Scientists Make a Sweet Discovery on a West African Cocoa Farm

Molting Wood Warblers studied on farmland in Cameroon suggest cocoa operations can provide great bird habitat if nearby trees are left standing.
A molting Wood Warbler is posed with its wing outstretched during bird banding on a cocoa farm in Cameroon. Crinan Jarrett

In 2019, scientist Crinan Jarrett was working a mistnet on a cocoa farm in Cameroon when she let out an excited yell. Her African colleagues working nearby rushed over to see what the fuss was about—and they were both amused and confused. The bird in the net didn’t look particularly spectacular to them. It was a Wood Warbler, a common migratory songbird that breeds in Europe and Asia and winters in Central and West Africa. “Why is it such a big deal, Crinan? It’s just a little green bird, ” she recalls them saying.

Jarrett wasn’t just excited by the species, but also by its feathers. It had brand new feathers growing alongside the old ones—a sign the bird was molting nearby. The minute observation points to a larger finding about the ability of songbirds to find productive habitat on cocoa farms in western Africa.

The mist-netting survey was originally intended to study how cocoa farming affects biodiversity, especially birds like the Wood Warbler whose populations have steadily declined over the last three decades.
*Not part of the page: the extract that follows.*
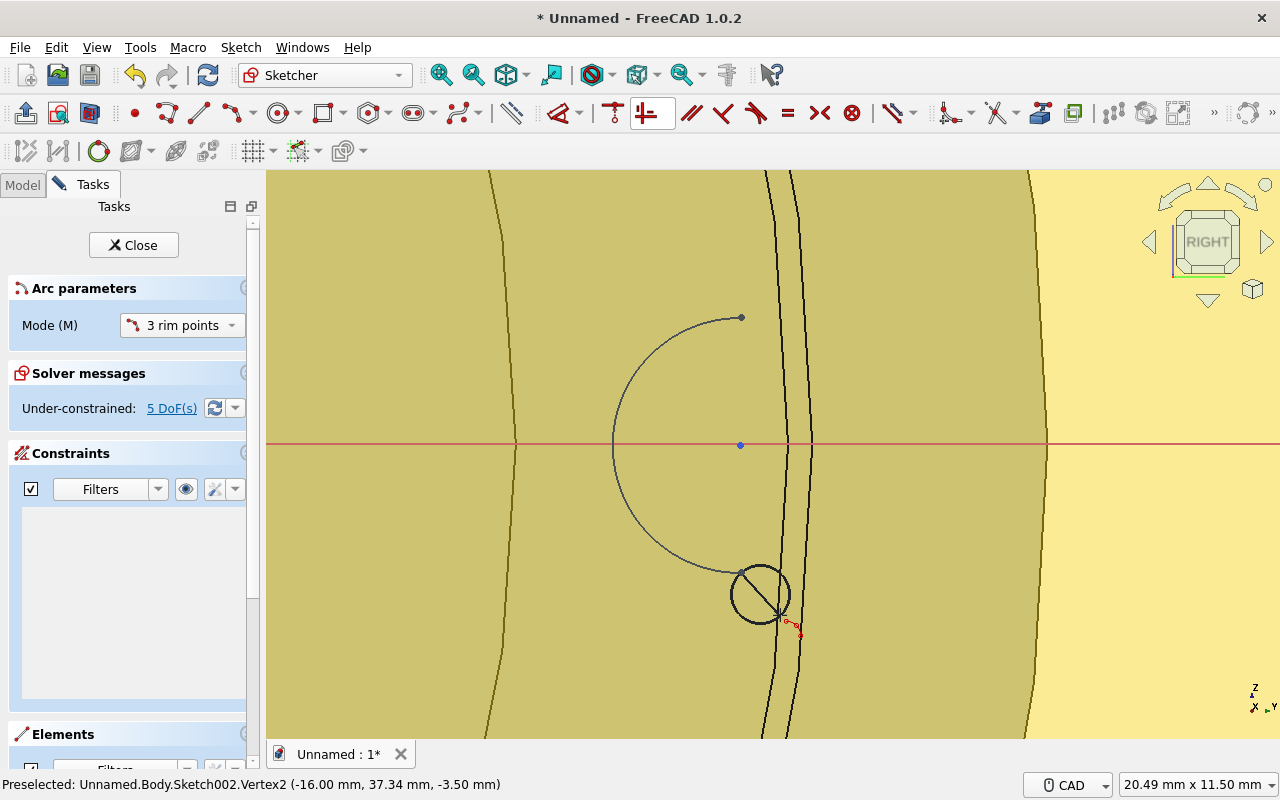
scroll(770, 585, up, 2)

Experts believe that they may be affected by land use change in Africa, particularly conversion of forests into farmlands, since studies have found that Wood Warblers prefer areas with many tall trees. But thanks to the accidental mist-netted bird, the team has also published a new study establishing that the birds molt successfully in cocoa farms at their wintering grounds in Cameroon—suggesting that cocoa farms can be supportive bird habitat when nearby forests are preserved.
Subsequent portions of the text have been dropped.